Exercise inputs >>
- Opening Delimiter -
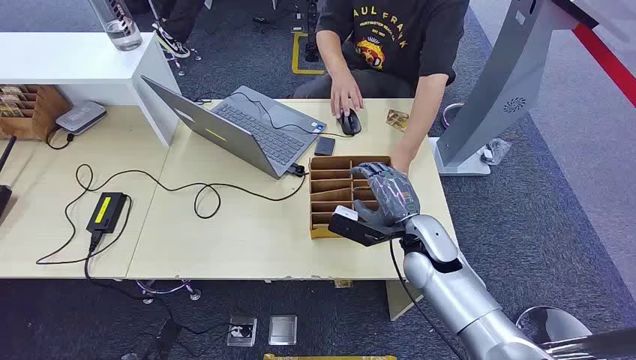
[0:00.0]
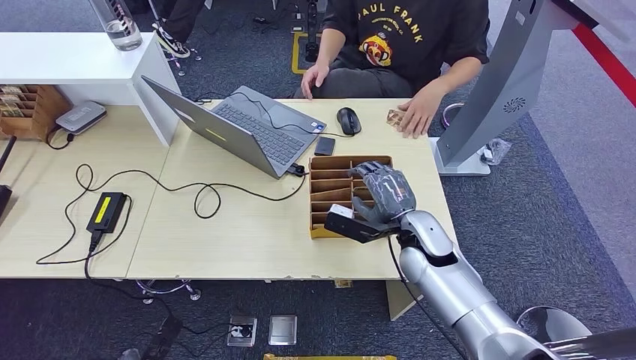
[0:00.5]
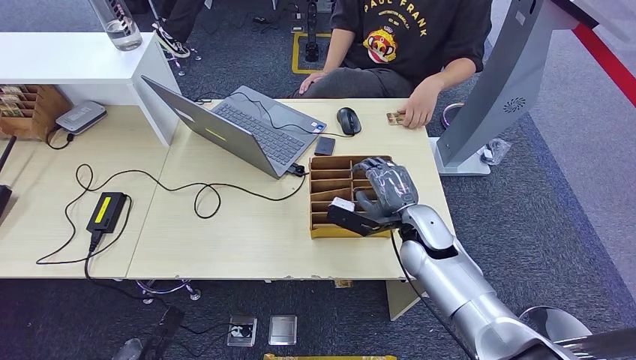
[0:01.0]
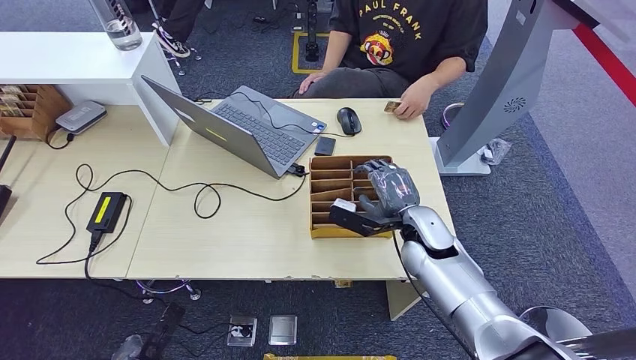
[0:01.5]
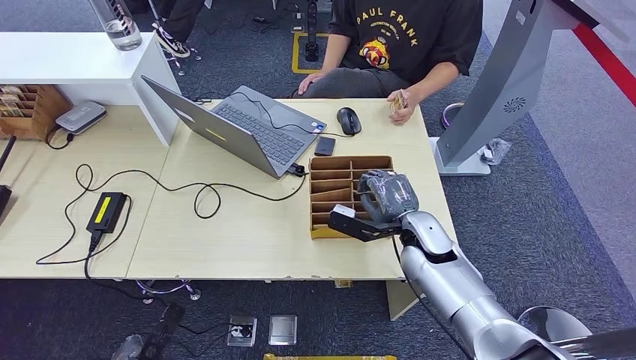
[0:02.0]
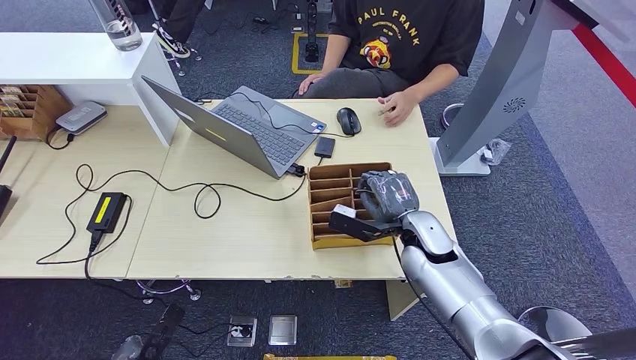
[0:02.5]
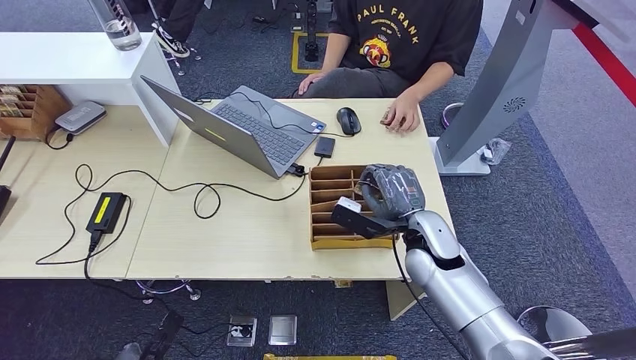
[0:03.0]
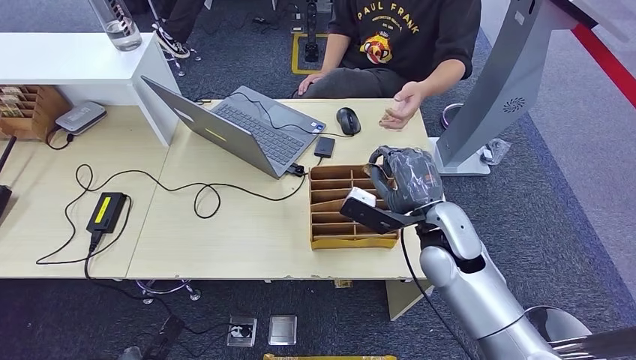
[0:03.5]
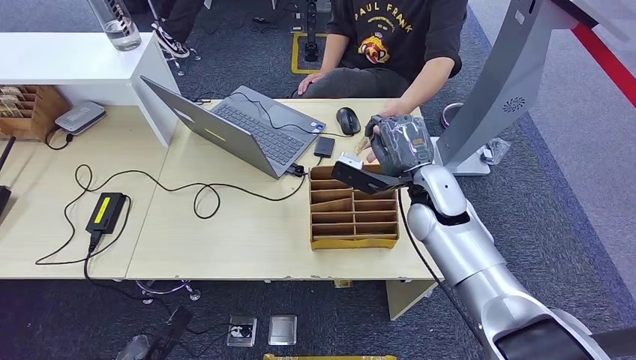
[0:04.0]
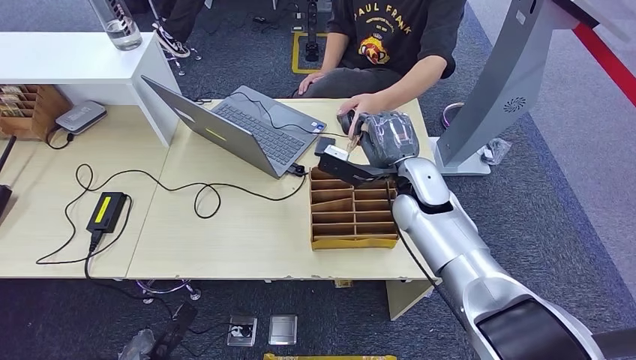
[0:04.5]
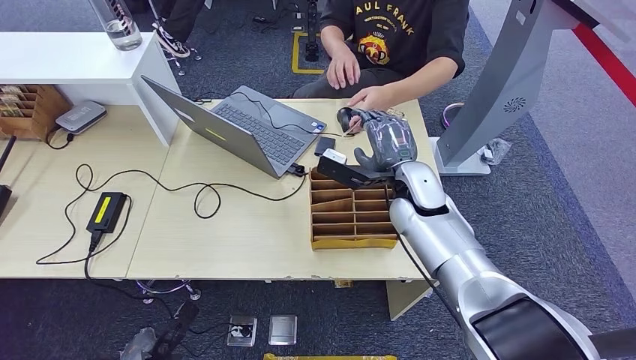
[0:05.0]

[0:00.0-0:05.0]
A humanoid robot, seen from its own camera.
Step, 0:00.0 to 0:02.5: Pick up the room card from the card holder.
Step, 0:03.0 to 0:05.0: Hand the room card to the target.
0:02.5 to 0:05.0: The right hand goes about 10 cm upward and forward.

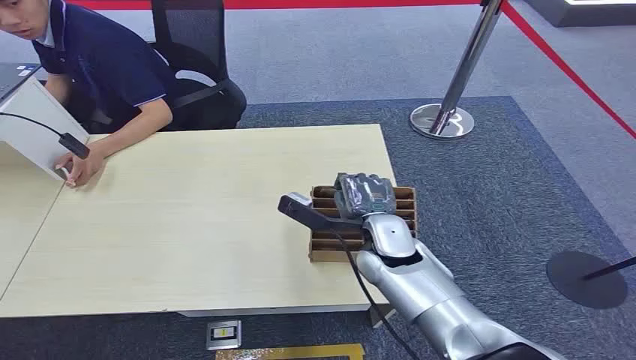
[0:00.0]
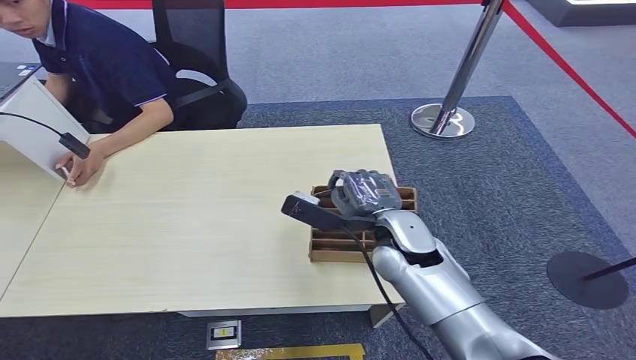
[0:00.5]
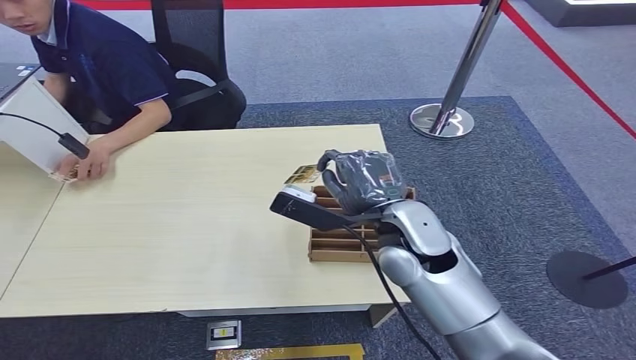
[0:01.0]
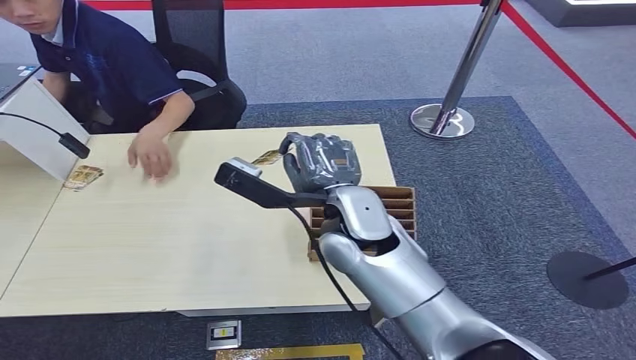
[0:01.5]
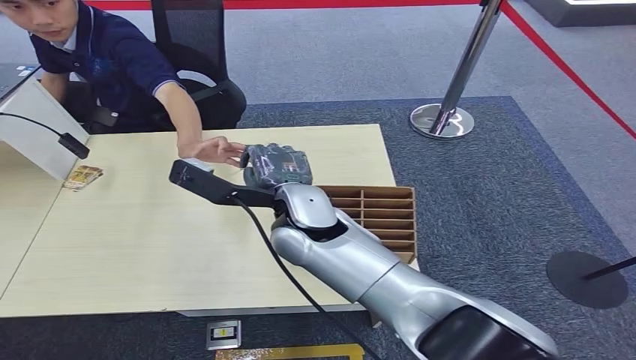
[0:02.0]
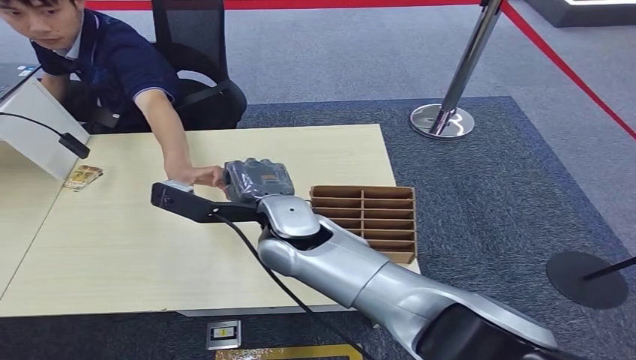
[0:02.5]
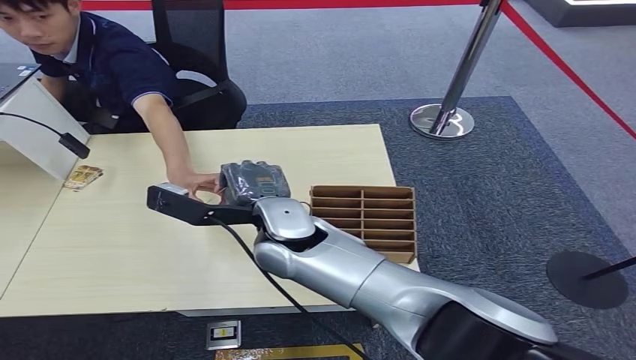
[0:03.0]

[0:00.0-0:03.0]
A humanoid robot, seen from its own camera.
- Closing Delimiter -
Assignment >> Copy the records exactly. Skip the images.

Response box >>
[0:00.0]
[0:00.5]
[0:01.0]
[0:01.5]
[0:02.0]
[0:02.5]
[0:03.0]
[0:03.5]
[0:04.0]
[0:04.5]
[0:05.0]

[0:00.0-0:05.0]
A humanoid robot, seen from its own camera.
Step, 0:00.0 to 0:02.5: Pick up the room card from the card holder.
Step, 0:03.0 to 0:05.0: Hand the room card to the target.
0:02.5 to 0:05.0: The right hand goes about 10 cm upward and forward.

[0:00.0]
[0:00.5]
[0:01.0]
[0:01.5]
[0:02.0]
[0:02.5]
[0:03.0]

[0:00.0-0:03.0]
A humanoid robot, seen from its own camera.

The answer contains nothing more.